# Step 1 : Importing Libraries
*We need the follolwing libraries to carry on with the workflow*
+  ucimlrepo: for fetching the dataset from UCI Library
+  pandas: for data manipulation and analysis.
+  numpy: for numerical operations.
+  pycaret: for analyzing and comparing the results of different models

In [1]:
from ucimlrepo import fetch_ucirepo
import pandas as pd
import numpy as np
from pycaret.clustering import *
from pycaret.datasets import get_data

# Step 2 : Import the required dataset
*Here, we are importing Obesity dataset.*

In [2]:
estimation_of_obesity_levels_based_on_eating_habits_and_physical_condition = fetch_ucirepo(id=544) 

X = estimation_of_obesity_levels_based_on_eating_habits_and_physical_condition.data.features 
y = estimation_of_obesity_levels_based_on_eating_habits_and_physical_condition.data.targets 

*Let's have a look at the metadata of the dataset we have imported.
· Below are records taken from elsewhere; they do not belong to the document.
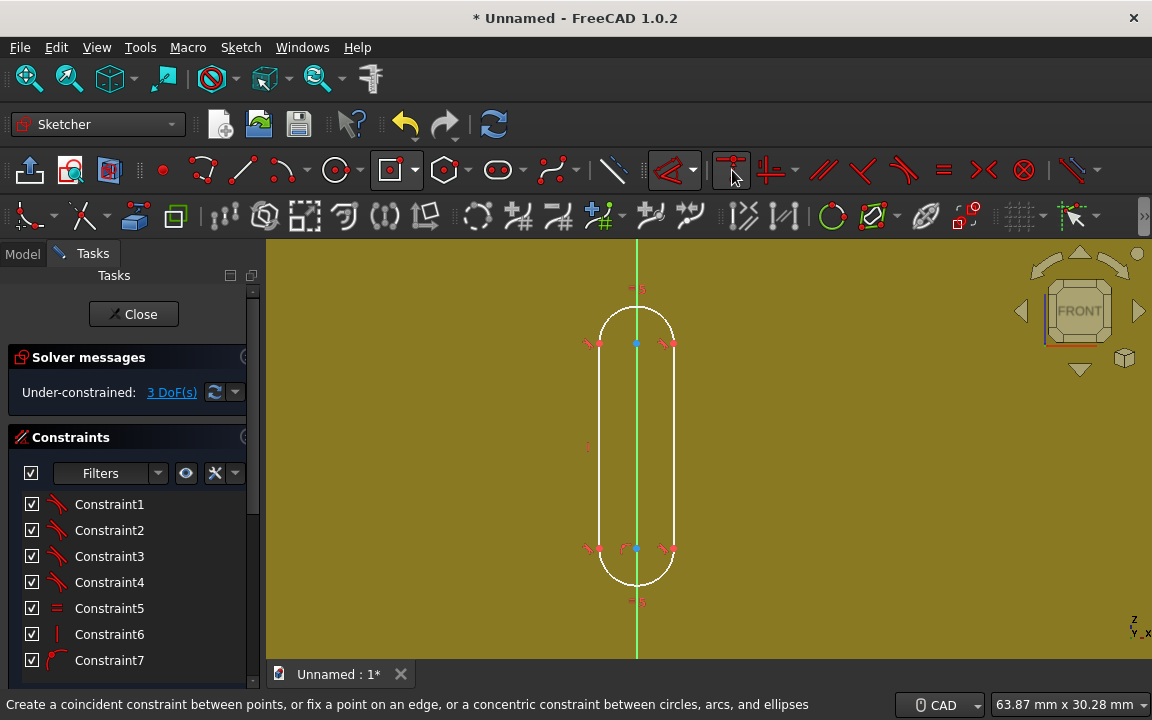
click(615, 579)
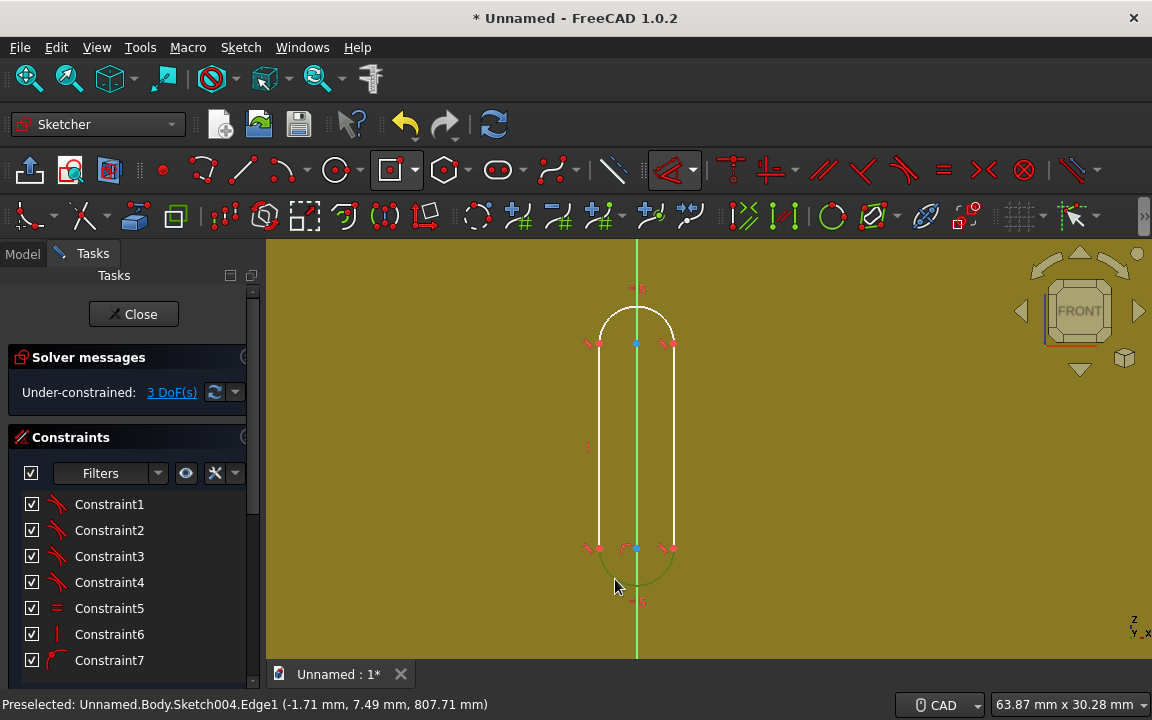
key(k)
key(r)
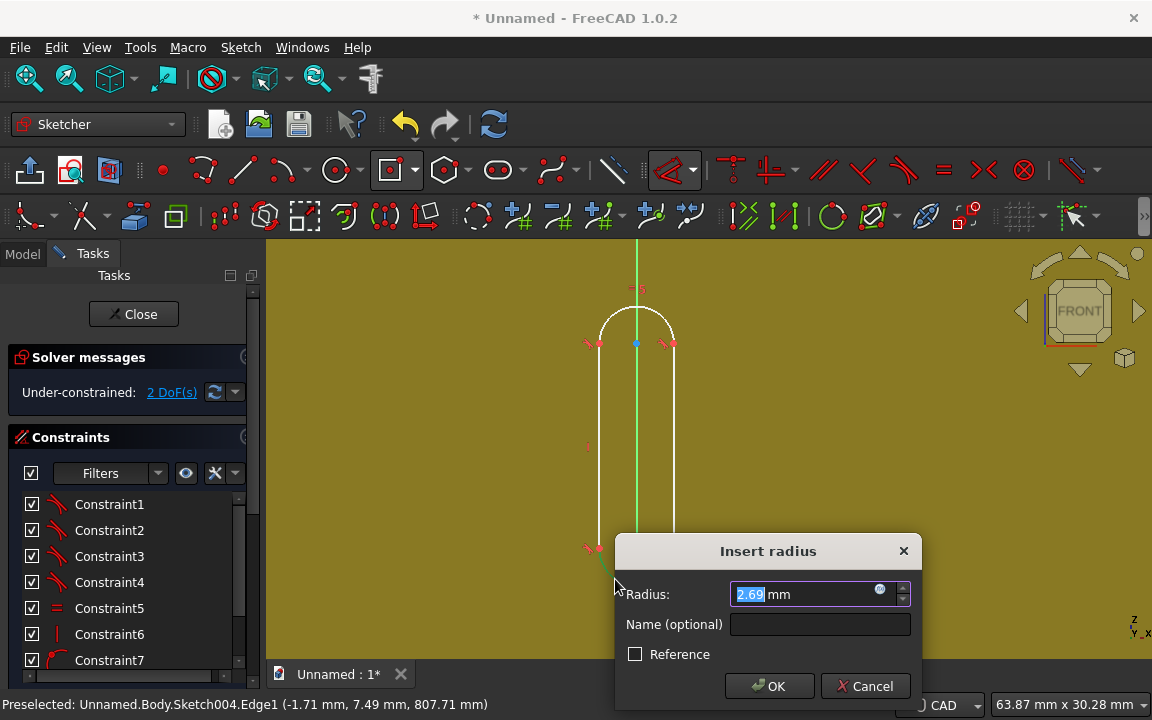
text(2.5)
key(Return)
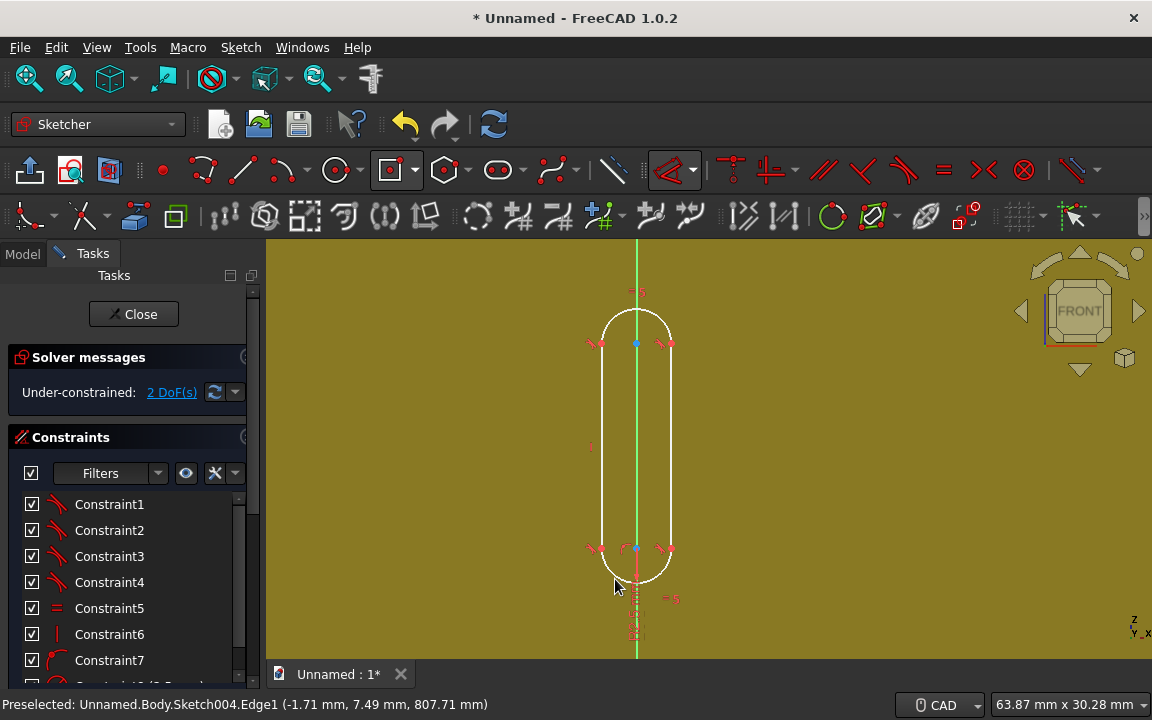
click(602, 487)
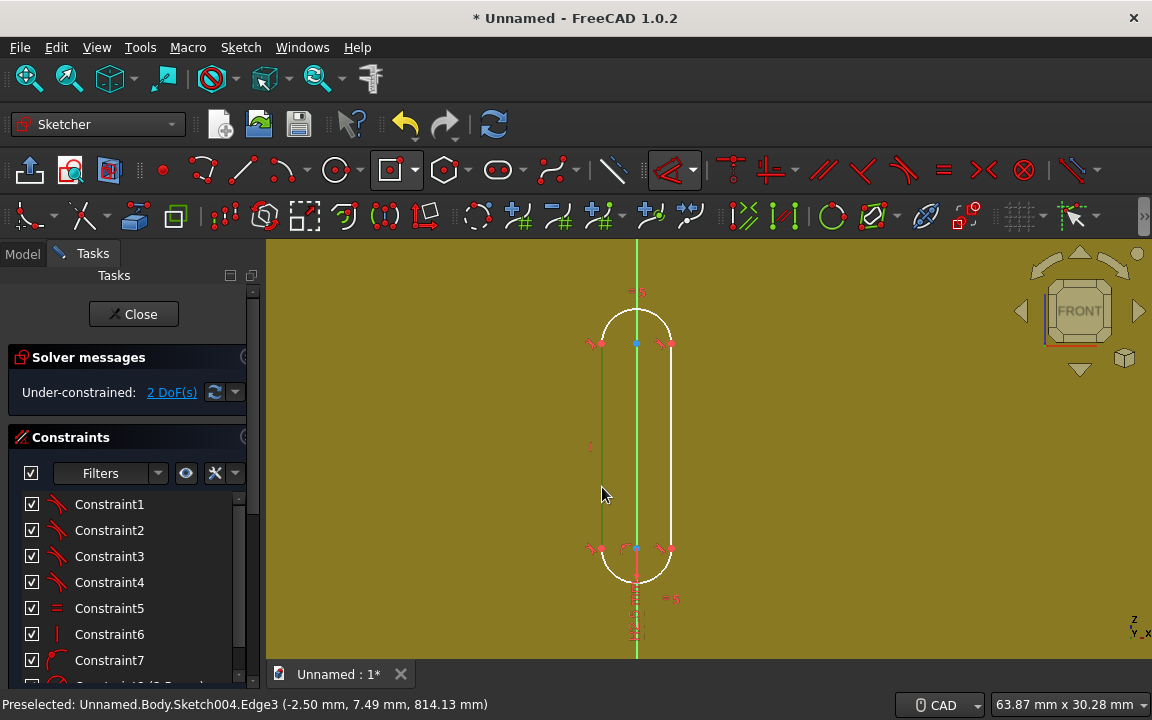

The data contains 17 attributes and 2111 records.*<br>
*It contains target values of:*
+   Insufficient Weight
+   Normal Weight
+   Overweight Level I
+   Overweight Level II
+   Obesity Type I
+   Obesity Type II 
+   Obesity Type III

In [3]:
print(estimation_of_obesity_levels_based_on_eating_habits_and_physical_condition.metadata)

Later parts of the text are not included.